# '12 Eco 6m transmission linkage



## Chris2298 (Aug 1, 2012)

So I was heading to a meeting at 2 yesterday at a country club about an hour from home and missed the building..drove right by it. After backing up, I put it in 1st to pull in and then I lost the linkage completely. Somehow it had gone into 5th, so I was able to limp into the parking lot. I went to the meeting and was able to pop the linkage back on after, but what is wearing out that caused it to pop off? It popped back on with very little resistance (once I figured out where it went). Will this become a frequent thing? 2012 Eco 6M 185K miles


----------



## Blancmange (Jan 9, 2013)

Do you have a picture of where it became disconnected?

I have never heard of this before.

Does anyone know if this is something that needs periodic lubrication?


----------



## Chris2298 (Aug 1, 2012)

I can't really get a picture, it connects under the shift arm..


----------



## NickD (Dec 10, 2011)

A ball in a spring loaded socket, not easy to pop out, much easier to pop back in. 04 Cavalier was the same way, every couple of months or so, had to spray those joints as well as the rotating parts on top of the transmission.

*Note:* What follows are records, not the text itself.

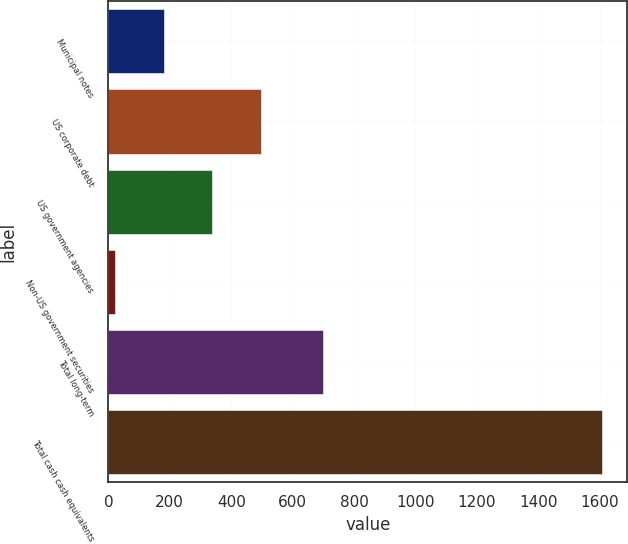Convert chart to OTSL. <chart><loc_0><loc_0><loc_500><loc_500><bar_chart><fcel>Municipal notes<fcel>US corporate debt<fcel>US government agencies<fcel>Non-US government securities<fcel>Total long-term<fcel>Total cash cash equivalents<nl><fcel>179.97<fcel>497.51<fcel>338.74<fcel>21.2<fcel>698.5<fcel>1608.9<nl></chart> 
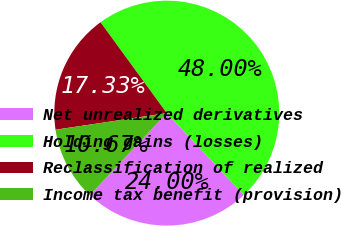Convert chart to OTSL. <chart><loc_0><loc_0><loc_500><loc_500><pie_chart><fcel>Net unrealized derivatives<fcel>Holding gains (losses)<fcel>Reclassification of realized<fcel>Income tax benefit (provision)<nl><fcel>24.0%<fcel>48.0%<fcel>17.33%<fcel>10.67%<nl></chart> 
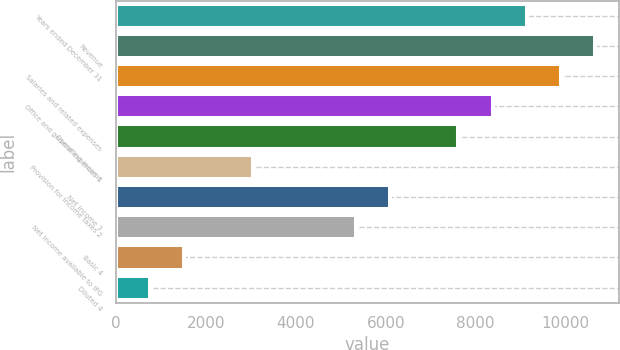<chart> <loc_0><loc_0><loc_500><loc_500><bar_chart><fcel>Years ended December 31<fcel>Revenue<fcel>Salaries and related expenses<fcel>Office and general expenses 1<fcel>Operating income<fcel>Provision for income taxes 2<fcel>Net income 3<fcel>Net income available to IPG<fcel>Basic 4<fcel>Diluted 4<nl><fcel>9136.44<fcel>10659.1<fcel>9897.77<fcel>8375.11<fcel>7613.78<fcel>3045.8<fcel>6091.12<fcel>5329.79<fcel>1523.14<fcel>761.81<nl></chart> 
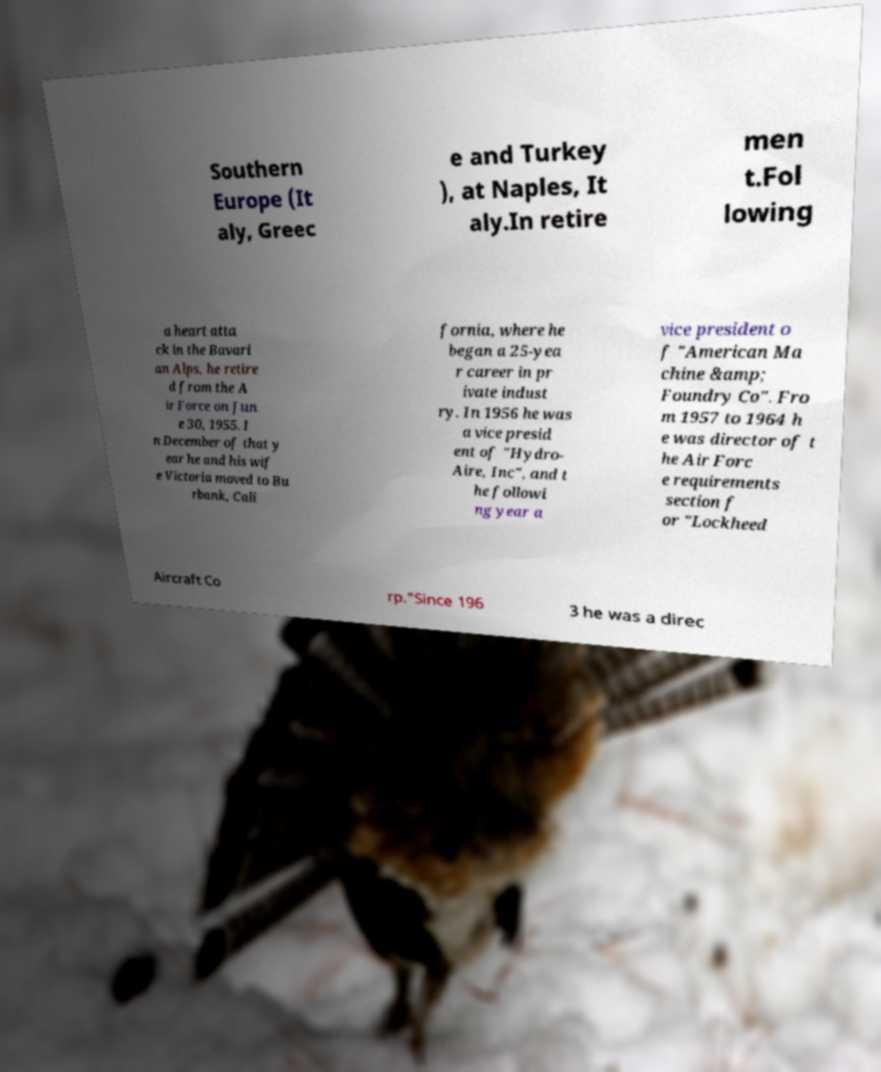What messages or text are displayed in this image? I need them in a readable, typed format. Southern Europe (It aly, Greec e and Turkey ), at Naples, It aly.In retire men t.Fol lowing a heart atta ck in the Bavari an Alps, he retire d from the A ir Force on Jun e 30, 1955. I n December of that y ear he and his wif e Victoria moved to Bu rbank, Cali fornia, where he began a 25-yea r career in pr ivate indust ry. In 1956 he was a vice presid ent of "Hydro- Aire, Inc", and t he followi ng year a vice president o f "American Ma chine &amp; Foundry Co". Fro m 1957 to 1964 h e was director of t he Air Forc e requirements section f or "Lockheed Aircraft Co rp."Since 196 3 he was a direc 
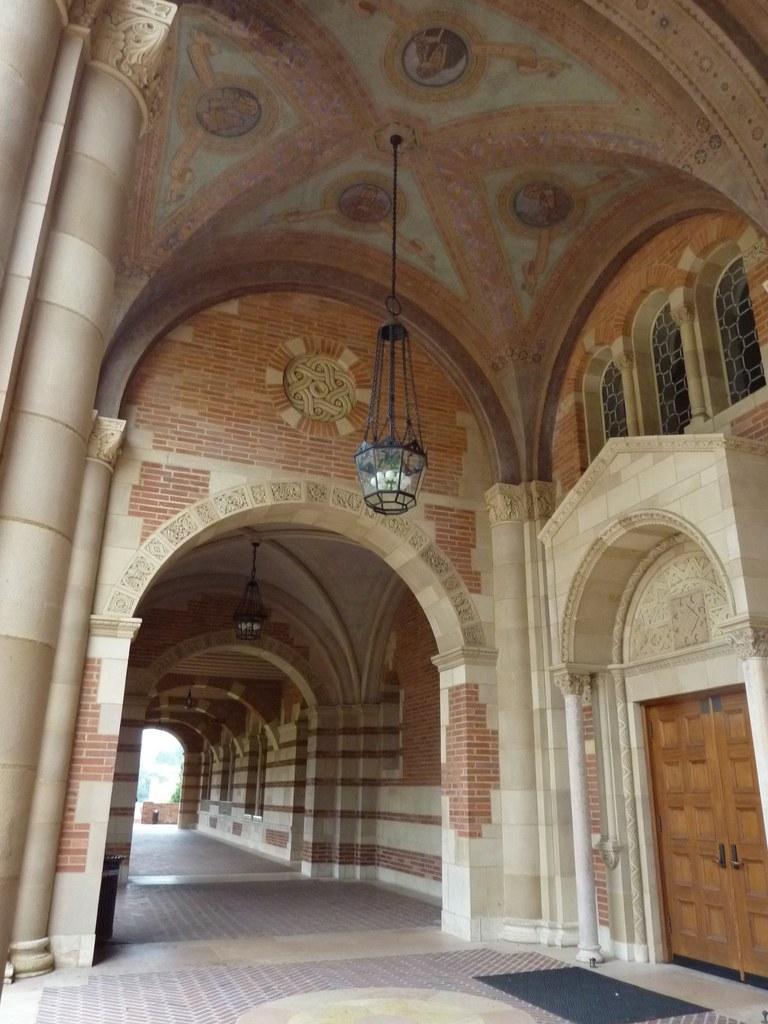Please provide a concise description of this image. In this picture we can see a building, few lights and doors.

Used Liquid Wrench lubricant in a spray can. If I didn't, took a lot more force to shift gears. For some strange reason, never had to lubricate the cables. You have to change gears to hit all the spots.

Ironically, the shop manual says nothing about the internals of the MT, think you are suppose to replace the whole thing. Was always gentle when changing gears.


----------



## dustinlrule (May 10, 2018)

I'm having a pretty similar issue. Stuck in first, but the shifter just sits loose, but won't go into gear when the clutch is engaged. Put a bungee cord around the shift arm in order to be able to shift into reverse and get it onto a tow bed. With the bungee wrapped around the gear arm I'm able to shift in and out of gears, take it off and no go. Not sure exactly what the issue is or if something needs to be replaced?


----------



## dustinlrule (May 10, 2018)

where did it end up going?


----------